A l'occasion de la première programmation en clair du film Des gens qui s'embrassent, nous repartageons notre long entretien avec sa réalisatrice, Danielle Thompson, rencontrée en 2013 pour parler de ce projet au casting cinq étoiles (Monica Bellucci, Kad Merad, Eric Elmosnino...), mais aussi plus généralement de sa carrière. La première partie de cette rencontre captivante est lisible ici. Et comme promis, voici sa suite.

Première : St Trop, l’avenue Montaigne vos comédies se déroulent toujours dans des lieux bling bling.
Danièle Thompson :
Mais parce que c’est beau ! C’est l’héritage de mon père. La Grande Vadrouille se passe à l’Opéra, il fait partir ses héros à l’hospice de Beaune, l’un des plus beaux endroits du monde. C’est un film magnifique ! Pareil pour La Folie des grandeurs qui fut tourné dans les plus beaux endroits d’Espagne. Et pour Rabbi Jacob, il avait fait reconstruire une synagogue en studio parce qu’il voulait que ce soit magnifique – loin des édifices religieux réels et un peu laids. Il avait – et il m’a transmis – la volonté de donner au public de la beauté, une évasion et des cadres magnifiques. C’est pour ça que je choisis ces lieux.

Quand vous parlez des comédies de votre père, je vous sens nostalgique de la puissance industrielle qu’avait la comédie à l’époque. Je me trompe ?
Oui ! Parce que je pense que le cinéma français, les comédies françaises ont une grande importance dans l’industrie d’aujourd’hui. Il y a des grandes comédies qui sont faites avec beaucoup d’argent. On le critique, on dit que le cinéma est trop cher, mais si c’est bien fait, si c’est beau, ça ne me choque pas. 

Le problème c’est quand les films chers ne sont pas beaux… La beauté, on la trouve où on peut. Soyons clairs : je ne demande pas à ce que tout soit filmé dans le VIIIème arrondissement de Paris ! Ce qui me dérange, c’est quand c’est moche à l’écran. Quand c’est mal filmé, quand c’est mal éclairé. Mais il y a un souci d’esthétique dans le cinéma d’aujourd’hui.

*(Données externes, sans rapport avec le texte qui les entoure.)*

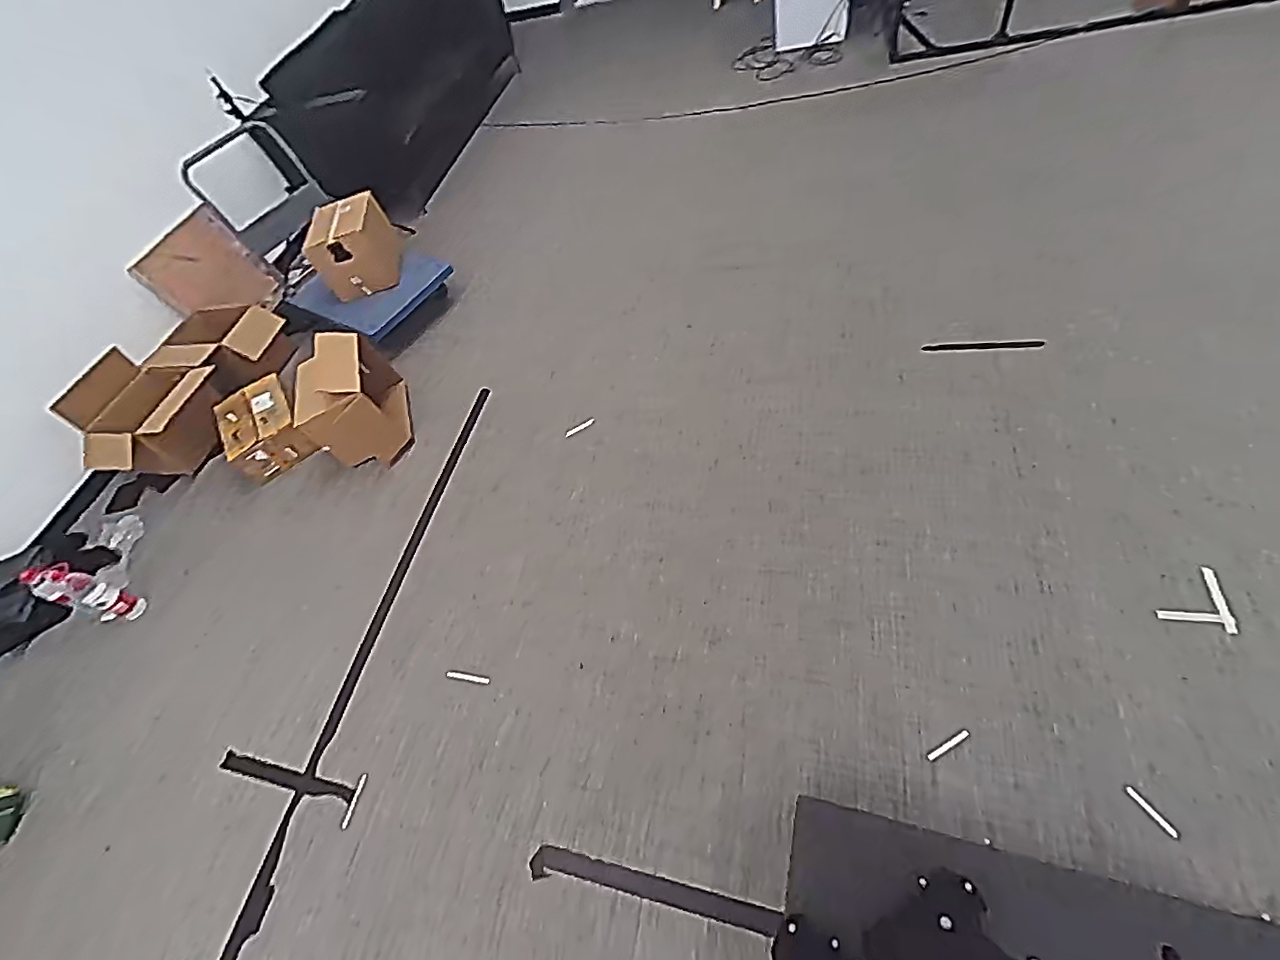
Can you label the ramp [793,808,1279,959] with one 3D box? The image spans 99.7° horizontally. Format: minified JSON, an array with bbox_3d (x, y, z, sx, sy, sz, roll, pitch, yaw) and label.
[{"bbox_3d":[0.785,0.992,0.983,0.991,0.206,0.509,2,55,17],"label":"ramp"}]
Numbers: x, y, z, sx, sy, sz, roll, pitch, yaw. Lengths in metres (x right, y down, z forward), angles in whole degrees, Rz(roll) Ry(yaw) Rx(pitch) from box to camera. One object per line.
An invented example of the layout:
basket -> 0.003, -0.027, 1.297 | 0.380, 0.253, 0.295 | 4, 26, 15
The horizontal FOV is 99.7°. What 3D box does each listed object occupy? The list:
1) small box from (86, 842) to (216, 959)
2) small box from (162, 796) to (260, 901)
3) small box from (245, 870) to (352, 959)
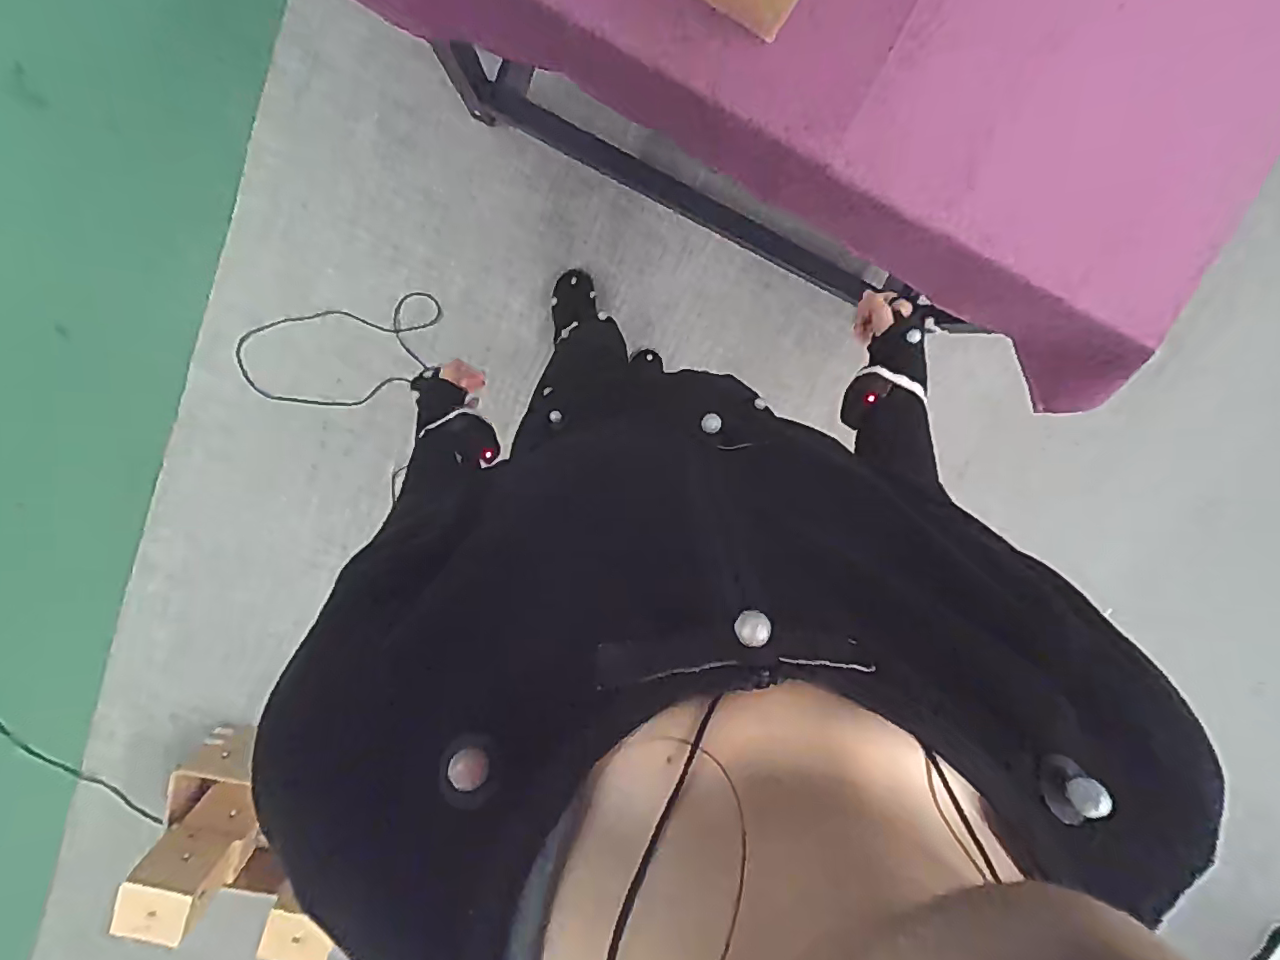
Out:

Danièle Thompson : "J'espère que Des Gens qui s'embrassent est irrévérencieux"

On a l’impression que la comédie française traverse une crise (de financement, d’écriture). Vous voyez ça comment ?
Ca va être une banalité, désolée ! Mais il y a des films qui m’amusent follement et d’autres pas du tout. Mais contrairement à tous ceux qui hurlent avec les loups, je reste persuadée qu’on est capable de produire des bonnes comédies. Pour une bonne raison : l’ingrédient principal d’une bonne comédie, ce sont les acteurs comiques. C’est pour ça, quand j’entends des gens dire que le star système n’existera plus, c’est comme s’ils annonçaient qu’ils sont contre la mort ou la maladie. D’abord, on en a besoin et ensuite, c’est une question d’offre et de demande. Les comédiens bien payés ne le sont pas toute leur vie. Certains qui étaient au sommet ne le seront plus demain ; d’autres qui ont ramé des années décrochent soudain des salaires magnifiques…

Pourquoi ?
Parce qu’ils sont bons. Parce qu’ils savent transcender un texte, rehausser un script par leur jeu et leur personnalité. Mais surtout parce que les producteurs les réclament, parce que les télévisions les demandent. Ce sont les financiers qui sont responsables. Eric Elmosnino a travaillé pendant 25 ans dans le théâtre public et puis tout à coup, il demande un cachet en fonction de sa notoriété et des films qui lui sont proposés. C’est normal ! Et j’espère que ça va continuer…

Mais à la grande époque de la comédie française, les stars étaient inamovibles.
Ils étaient très bien payés.

Mais j’ai l’impression que le coté « bankable » dure moins qu’avant. Que les stars sont jetables désormais.
l y en avait quelques uns qui étaient inamovibles. Ils se comptent sur les doigts des deux  mains. Mais là où je vous rejoins, c’est qu’aujourd’hui les choses vont plus vite. Maintenant, les gens envoient des SMS pendant la projection de votre film. Avant, on avait un petit délai on se disait que le bouche à oreille prendrait deux trois jours. Aujourd’hui, c’est pas deux jours, c’est deux minutes.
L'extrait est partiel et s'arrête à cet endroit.